Correlations in gravitational-wave reconstructions from eccentric binaries: A case study with GW151226 and GW170608
Eamonn O'Shea, Prayush Kumar

TL;DR
This study examines how eccentricity affects gravitational-wave parameter estimation, revealing biases in mass and spin measurements, and constrains the eccentricities of GW151226 and GW170608 using advanced waveform models.
Contribution
It demonstrates the impact of eccentricity on parameter estimation biases and applies a full waveform model to real GW data to constrain binary eccentricities.
Findings
Eccentricity causes a ~10% overestimation of chirp mass.
Nonspinning priors can produce spurious eccentricity signals.
Eccentricities of GW151226 and GW170608 are constrained to <0.15 and <0.12.
Abstract
The eccentricity of binary black-hole mergers is predicted to be an indicator of the history of their formation. In particular, eccentricity is a strong signature of dynamical formation rather than formation by stellar evolution in isolated stellar systems.
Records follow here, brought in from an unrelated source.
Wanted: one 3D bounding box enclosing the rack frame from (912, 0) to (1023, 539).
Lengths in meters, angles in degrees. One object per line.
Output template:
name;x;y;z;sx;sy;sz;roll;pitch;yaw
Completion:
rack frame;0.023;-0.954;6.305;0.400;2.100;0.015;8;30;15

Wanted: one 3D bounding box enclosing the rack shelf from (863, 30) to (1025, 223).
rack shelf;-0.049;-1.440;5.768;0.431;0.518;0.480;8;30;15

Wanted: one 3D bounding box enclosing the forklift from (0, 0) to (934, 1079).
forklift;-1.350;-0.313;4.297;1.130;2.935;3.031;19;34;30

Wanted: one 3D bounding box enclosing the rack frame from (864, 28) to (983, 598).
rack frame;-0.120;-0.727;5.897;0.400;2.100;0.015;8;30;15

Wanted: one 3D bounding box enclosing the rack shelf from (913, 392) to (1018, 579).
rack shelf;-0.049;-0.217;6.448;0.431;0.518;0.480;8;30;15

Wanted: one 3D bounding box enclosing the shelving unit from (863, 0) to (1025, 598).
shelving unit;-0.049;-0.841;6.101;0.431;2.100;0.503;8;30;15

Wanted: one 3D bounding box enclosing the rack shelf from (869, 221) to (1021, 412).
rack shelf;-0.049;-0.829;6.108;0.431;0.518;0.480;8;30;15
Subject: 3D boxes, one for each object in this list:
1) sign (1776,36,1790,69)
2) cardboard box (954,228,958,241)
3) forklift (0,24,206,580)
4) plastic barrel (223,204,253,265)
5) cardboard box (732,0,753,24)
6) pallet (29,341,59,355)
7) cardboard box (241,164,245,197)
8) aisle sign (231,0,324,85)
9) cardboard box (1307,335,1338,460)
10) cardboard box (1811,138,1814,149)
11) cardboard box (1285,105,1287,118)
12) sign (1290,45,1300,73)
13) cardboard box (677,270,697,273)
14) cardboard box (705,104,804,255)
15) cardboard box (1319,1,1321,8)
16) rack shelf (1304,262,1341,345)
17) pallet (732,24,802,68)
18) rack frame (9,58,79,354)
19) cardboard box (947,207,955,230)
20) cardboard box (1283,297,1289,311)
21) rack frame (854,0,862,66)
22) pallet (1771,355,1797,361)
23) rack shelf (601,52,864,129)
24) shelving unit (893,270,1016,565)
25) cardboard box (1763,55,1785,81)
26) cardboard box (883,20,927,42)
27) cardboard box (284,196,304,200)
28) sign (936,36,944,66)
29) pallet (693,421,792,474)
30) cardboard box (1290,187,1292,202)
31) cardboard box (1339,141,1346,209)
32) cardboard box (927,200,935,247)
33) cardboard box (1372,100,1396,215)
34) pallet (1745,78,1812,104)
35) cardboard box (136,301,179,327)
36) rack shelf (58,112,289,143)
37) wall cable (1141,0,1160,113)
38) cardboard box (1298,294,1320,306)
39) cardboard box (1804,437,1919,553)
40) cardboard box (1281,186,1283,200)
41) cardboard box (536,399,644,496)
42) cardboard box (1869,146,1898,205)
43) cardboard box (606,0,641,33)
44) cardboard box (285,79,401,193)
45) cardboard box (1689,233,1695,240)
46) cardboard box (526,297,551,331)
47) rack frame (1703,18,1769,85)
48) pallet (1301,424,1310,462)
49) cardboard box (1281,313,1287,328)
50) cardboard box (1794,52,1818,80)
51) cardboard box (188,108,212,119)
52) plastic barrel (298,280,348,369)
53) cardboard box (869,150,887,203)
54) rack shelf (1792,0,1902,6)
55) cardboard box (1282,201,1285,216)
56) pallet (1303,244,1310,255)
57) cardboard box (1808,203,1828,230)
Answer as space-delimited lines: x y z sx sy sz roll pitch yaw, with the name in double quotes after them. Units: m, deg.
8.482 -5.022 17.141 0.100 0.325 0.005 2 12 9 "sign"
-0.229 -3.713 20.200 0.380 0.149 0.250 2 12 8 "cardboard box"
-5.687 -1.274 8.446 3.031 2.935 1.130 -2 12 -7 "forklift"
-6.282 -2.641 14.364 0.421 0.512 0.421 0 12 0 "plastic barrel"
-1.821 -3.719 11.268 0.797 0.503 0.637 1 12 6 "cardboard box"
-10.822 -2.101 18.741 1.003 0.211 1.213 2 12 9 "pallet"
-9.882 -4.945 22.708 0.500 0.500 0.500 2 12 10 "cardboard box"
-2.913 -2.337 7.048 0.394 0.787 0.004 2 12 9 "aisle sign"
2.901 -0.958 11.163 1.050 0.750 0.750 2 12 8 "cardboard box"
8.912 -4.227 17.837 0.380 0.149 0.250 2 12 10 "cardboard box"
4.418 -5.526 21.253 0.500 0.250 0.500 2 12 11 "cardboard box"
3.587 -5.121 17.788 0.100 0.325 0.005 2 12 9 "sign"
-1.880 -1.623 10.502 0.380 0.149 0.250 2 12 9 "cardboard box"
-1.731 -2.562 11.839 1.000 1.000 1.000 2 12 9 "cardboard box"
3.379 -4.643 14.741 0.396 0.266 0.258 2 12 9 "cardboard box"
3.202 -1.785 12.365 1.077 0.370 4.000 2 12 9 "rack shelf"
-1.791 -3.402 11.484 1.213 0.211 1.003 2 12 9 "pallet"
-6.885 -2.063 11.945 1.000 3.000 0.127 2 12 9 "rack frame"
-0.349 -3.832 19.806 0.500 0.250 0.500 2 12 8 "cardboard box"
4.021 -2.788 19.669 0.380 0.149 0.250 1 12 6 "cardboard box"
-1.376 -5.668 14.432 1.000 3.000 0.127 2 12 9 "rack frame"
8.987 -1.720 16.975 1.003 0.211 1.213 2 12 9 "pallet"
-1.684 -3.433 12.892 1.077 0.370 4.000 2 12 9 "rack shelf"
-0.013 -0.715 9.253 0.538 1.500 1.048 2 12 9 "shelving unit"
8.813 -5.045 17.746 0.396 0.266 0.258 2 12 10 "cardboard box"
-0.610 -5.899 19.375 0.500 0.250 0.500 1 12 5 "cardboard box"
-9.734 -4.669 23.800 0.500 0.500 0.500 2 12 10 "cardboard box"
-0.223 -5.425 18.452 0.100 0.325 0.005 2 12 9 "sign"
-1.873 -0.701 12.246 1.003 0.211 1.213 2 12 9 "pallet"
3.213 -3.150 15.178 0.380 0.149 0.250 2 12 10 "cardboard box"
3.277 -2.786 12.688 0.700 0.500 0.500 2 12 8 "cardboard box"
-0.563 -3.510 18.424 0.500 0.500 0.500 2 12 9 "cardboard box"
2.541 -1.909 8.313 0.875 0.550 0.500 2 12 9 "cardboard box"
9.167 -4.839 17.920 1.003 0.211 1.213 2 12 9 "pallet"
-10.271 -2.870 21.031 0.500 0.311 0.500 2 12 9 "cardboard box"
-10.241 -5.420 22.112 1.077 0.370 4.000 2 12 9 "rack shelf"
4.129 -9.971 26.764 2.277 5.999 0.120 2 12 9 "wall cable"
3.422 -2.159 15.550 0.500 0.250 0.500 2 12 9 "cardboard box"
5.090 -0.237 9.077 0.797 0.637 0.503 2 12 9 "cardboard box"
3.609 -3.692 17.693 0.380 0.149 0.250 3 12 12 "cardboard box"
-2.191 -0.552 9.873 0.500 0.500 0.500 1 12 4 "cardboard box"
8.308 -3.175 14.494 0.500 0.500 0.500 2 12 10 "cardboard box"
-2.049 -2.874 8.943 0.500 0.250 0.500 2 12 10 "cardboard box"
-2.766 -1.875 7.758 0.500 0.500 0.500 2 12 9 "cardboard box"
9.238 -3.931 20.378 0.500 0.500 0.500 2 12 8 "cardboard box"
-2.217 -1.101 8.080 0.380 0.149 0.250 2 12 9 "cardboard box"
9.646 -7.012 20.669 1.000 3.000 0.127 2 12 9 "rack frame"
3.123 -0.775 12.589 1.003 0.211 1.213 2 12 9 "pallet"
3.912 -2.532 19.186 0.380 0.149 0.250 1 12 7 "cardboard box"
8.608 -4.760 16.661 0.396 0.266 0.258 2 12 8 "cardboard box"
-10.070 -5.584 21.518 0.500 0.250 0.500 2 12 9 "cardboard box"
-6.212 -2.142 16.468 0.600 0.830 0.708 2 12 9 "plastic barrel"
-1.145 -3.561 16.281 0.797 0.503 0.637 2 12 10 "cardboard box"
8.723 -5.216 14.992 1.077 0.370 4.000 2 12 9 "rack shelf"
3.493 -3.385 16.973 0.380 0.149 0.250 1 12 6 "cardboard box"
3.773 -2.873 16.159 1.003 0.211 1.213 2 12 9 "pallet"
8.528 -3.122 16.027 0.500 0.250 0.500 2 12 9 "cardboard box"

We investigate the efficacy of the existing quasicircular parameter estimation pipelines to determine the source parameters of such eccentric systems. We create a set of simulated signals with eccentricity up to 0.3 and find that as the eccentricity increases, the recovered mass parameters are consistent with those of a binary with up to a higher chirp mass and mass ratio closer to unity. We also employ a full inspiral-merger-ringdown waveform model to perform parameter estimation on two gravitational wave events, GW151226 and GW170608, to investigate this bias on real data. We find that the correlation between the…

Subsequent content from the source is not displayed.